**What you have to do:**
Please write out the lines of the data exactly, beginning with the first and ending with the line containing "def deceptive(seed: Optional[int]"; leave the pictures behind.
======== Supplied information
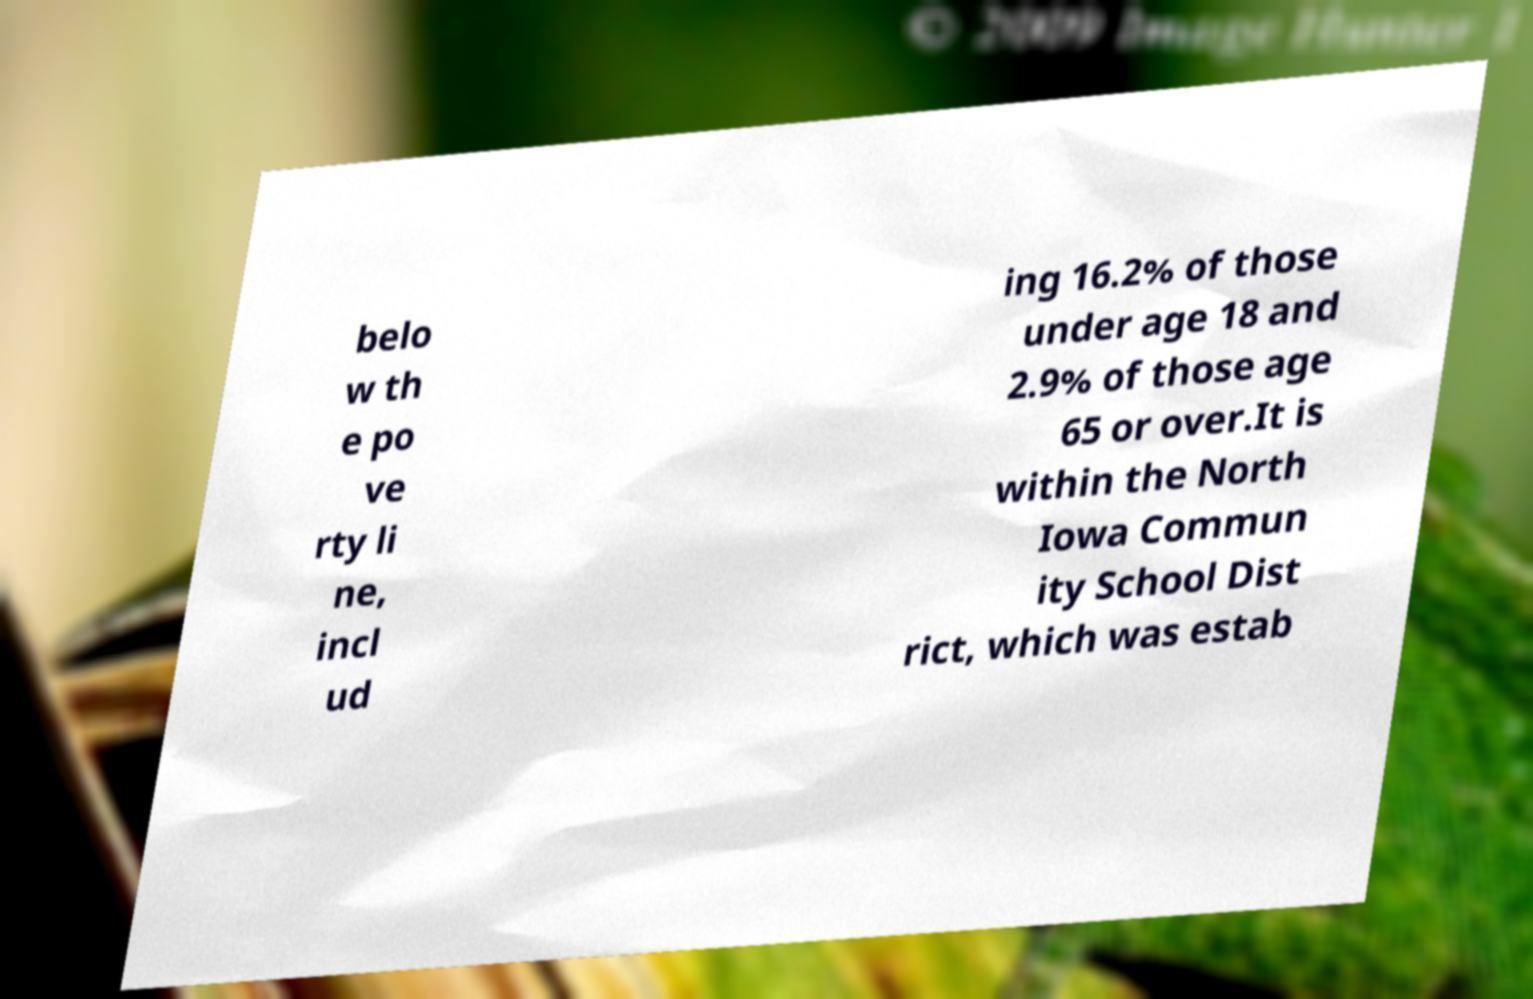Please identify and transcribe the text found in this image. belo w th e po ve rty li ne, incl ud ing 16.2% of those under age 18 and 2.9% of those age 65 or over.It is within the North Iowa Commun ity School Dist rict, which was estab 
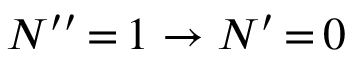Convert formula to latex. <formula><loc_0><loc_0><loc_500><loc_500>N ^ { \prime \prime } \, { = } \, 1 \rightarrow N ^ { \prime } \, { = } \, 0</formula> 
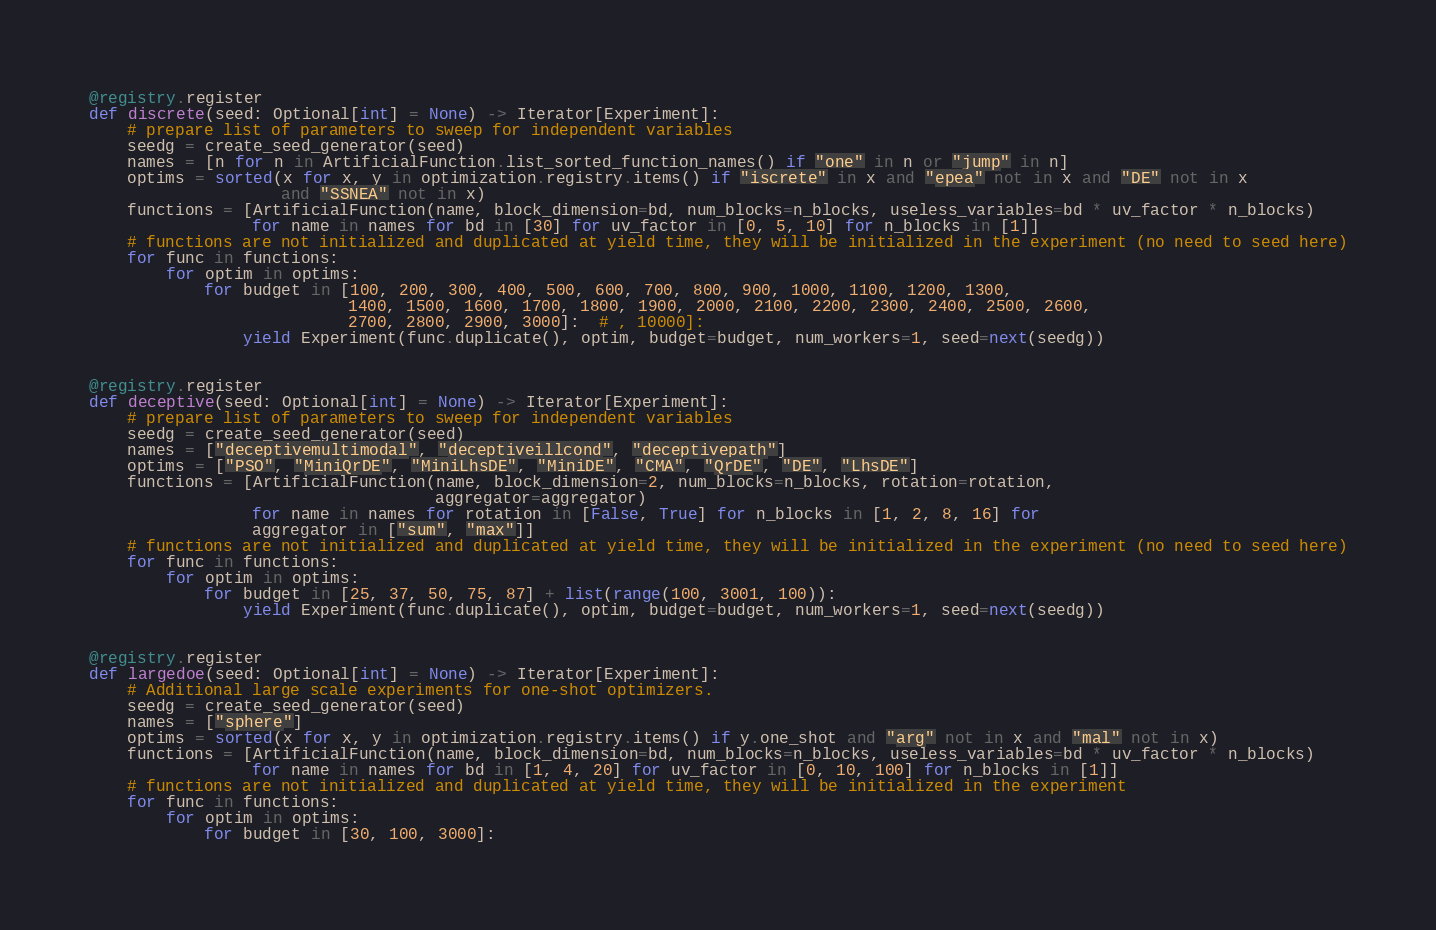Convert code to text. <code><loc_0><loc_0><loc_500><loc_500><_Python_>

@registry.register
def discrete(seed: Optional[int] = None) -> Iterator[Experiment]:
    # prepare list of parameters to sweep for independent variables
    seedg = create_seed_generator(seed)
    names = [n for n in ArtificialFunction.list_sorted_function_names() if "one" in n or "jump" in n]
    optims = sorted(x for x, y in optimization.registry.items() if "iscrete" in x and "epea" not in x and "DE" not in x
                    and "SSNEA" not in x)
    functions = [ArtificialFunction(name, block_dimension=bd, num_blocks=n_blocks, useless_variables=bd * uv_factor * n_blocks)
                 for name in names for bd in [30] for uv_factor in [0, 5, 10] for n_blocks in [1]]
    # functions are not initialized and duplicated at yield time, they will be initialized in the experiment (no need to seed here)
    for func in functions:
        for optim in optims:
            for budget in [100, 200, 300, 400, 500, 600, 700, 800, 900, 1000, 1100, 1200, 1300,
                           1400, 1500, 1600, 1700, 1800, 1900, 2000, 2100, 2200, 2300, 2400, 2500, 2600,
                           2700, 2800, 2900, 3000]:  # , 10000]:
                yield Experiment(func.duplicate(), optim, budget=budget, num_workers=1, seed=next(seedg))


@registry.register
def deceptive(seed: Optional[int] = None) -> Iterator[Experiment]:
    # prepare list of parameters to sweep for independent variables
    seedg = create_seed_generator(seed)
    names = ["deceptivemultimodal", "deceptiveillcond", "deceptivepath"]
    optims = ["PSO", "MiniQrDE", "MiniLhsDE", "MiniDE", "CMA", "QrDE", "DE", "LhsDE"]
    functions = [ArtificialFunction(name, block_dimension=2, num_blocks=n_blocks, rotation=rotation,
                                    aggregator=aggregator)
                 for name in names for rotation in [False, True] for n_blocks in [1, 2, 8, 16] for
                 aggregator in ["sum", "max"]]
    # functions are not initialized and duplicated at yield time, they will be initialized in the experiment (no need to seed here)
    for func in functions:
        for optim in optims:
            for budget in [25, 37, 50, 75, 87] + list(range(100, 3001, 100)):
                yield Experiment(func.duplicate(), optim, budget=budget, num_workers=1, seed=next(seedg))


@registry.register
def largedoe(seed: Optional[int] = None) -> Iterator[Experiment]:
    # Additional large scale experiments for one-shot optimizers.
    seedg = create_seed_generator(seed)
    names = ["sphere"]
    optims = sorted(x for x, y in optimization.registry.items() if y.one_shot and "arg" not in x and "mal" not in x)
    functions = [ArtificialFunction(name, block_dimension=bd, num_blocks=n_blocks, useless_variables=bd * uv_factor * n_blocks)
                 for name in names for bd in [1, 4, 20] for uv_factor in [0, 10, 100] for n_blocks in [1]]
    # functions are not initialized and duplicated at yield time, they will be initialized in the experiment
    for func in functions:
        for optim in optims:
            for budget in [30, 100, 3000]:</code> 
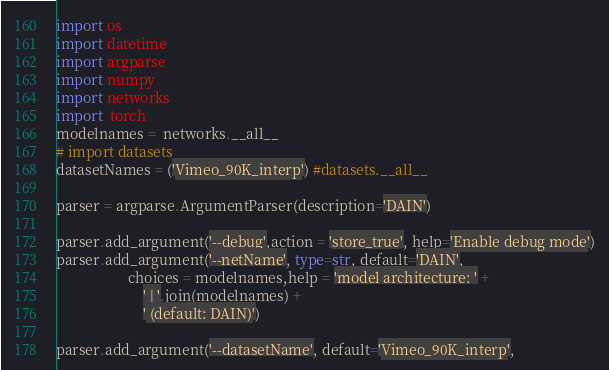<code> <loc_0><loc_0><loc_500><loc_500><_Python_>import os
import datetime
import argparse
import numpy
import networks
import  torch
modelnames =  networks.__all__
# import datasets
datasetNames = ('Vimeo_90K_interp') #datasets.__all__

parser = argparse.ArgumentParser(description='DAIN')

parser.add_argument('--debug',action = 'store_true', help='Enable debug mode')
parser.add_argument('--netName', type=str, default='DAIN',
                    choices = modelnames,help = 'model architecture: ' +
                        ' | '.join(modelnames) +
                        ' (default: DAIN)')

parser.add_argument('--datasetName', default='Vimeo_90K_interp',</code> 
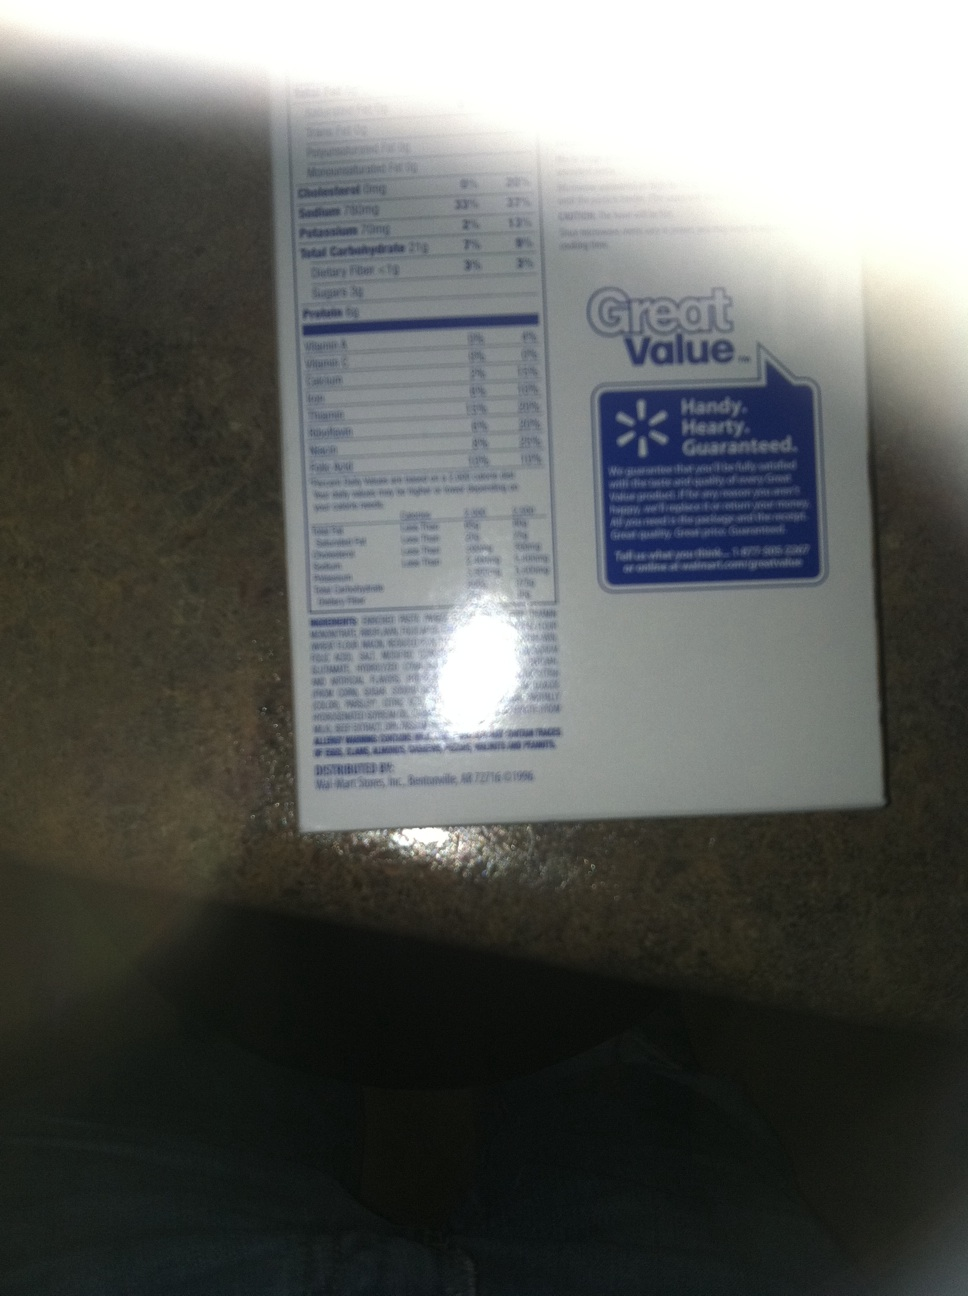What is the significance of the certification badges on this label? The label features a 'Great Value' badge, which represents Walmart's store brand promising value for money. The badge also includes a guarantee of quality, suggesting that the product meets specific standards and if not satisfactory, the purchase price will be refunded or the item replaced.
================
**Exercise answer:**
Please identify and transcribe the text found in this image. belo w th e po ve rty li ne, incl ud ing 16.2% of those under age 18 and 2.9% of those age 65 or over.It is within the North Iowa Commun ity School Dist rict, which was estab 
Convert formula to latex. <formula><loc_0><loc_0><loc_500><loc_500>N ^ { \prime \prime } \, { = } \, 1 \rightarrow N ^ { \prime } \, { = } \, 0</formula> 
Convert code to text. <code><loc_0><loc_0><loc_500><loc_500><_Python_>

@registry.register
def discrete(seed: Optional[int] = None) -> Iterator[Experiment]:
    # prepare list of parameters to sweep for independent variables
    seedg = create_seed_generator(seed)
    names = [n for n in ArtificialFunction.list_sorted_function_names() if "one" in n or "jump" in n]
    optims = sorted(x for x, y in optimization.registry.items() if "iscrete" in x and "epea" not in x and "DE" not in x
                    and "SSNEA" not in x)
    functions = [ArtificialFunction(name, block_dimension=bd, num_blocks=n_blocks, useless_variables=bd * uv_factor * n_blocks)
                 for name in names for bd in [30] for uv_factor in [0, 5, 10] for n_blocks in [1]]
    # functions are not initialized and duplicated at yield time, they will be initialized in the experiment (no need to seed here)
    for func in functions:
        for optim in optims:
            for budget in [100, 200, 300, 400, 500, 600, 700, 800, 900, 1000, 1100, 1200, 1300,
                           1400, 1500, 1600, 1700, 1800, 1900, 2000, 2100, 2200, 2300, 2400, 2500, 2600,
                           2700, 2800, 2900, 3000]:  # , 10000]:
                yield Experiment(func.duplicate(), optim, budget=budget, num_workers=1, seed=next(seedg))


@registry.register
def deceptive(seed: Optional[int] = None) -> Iterator[Experiment]:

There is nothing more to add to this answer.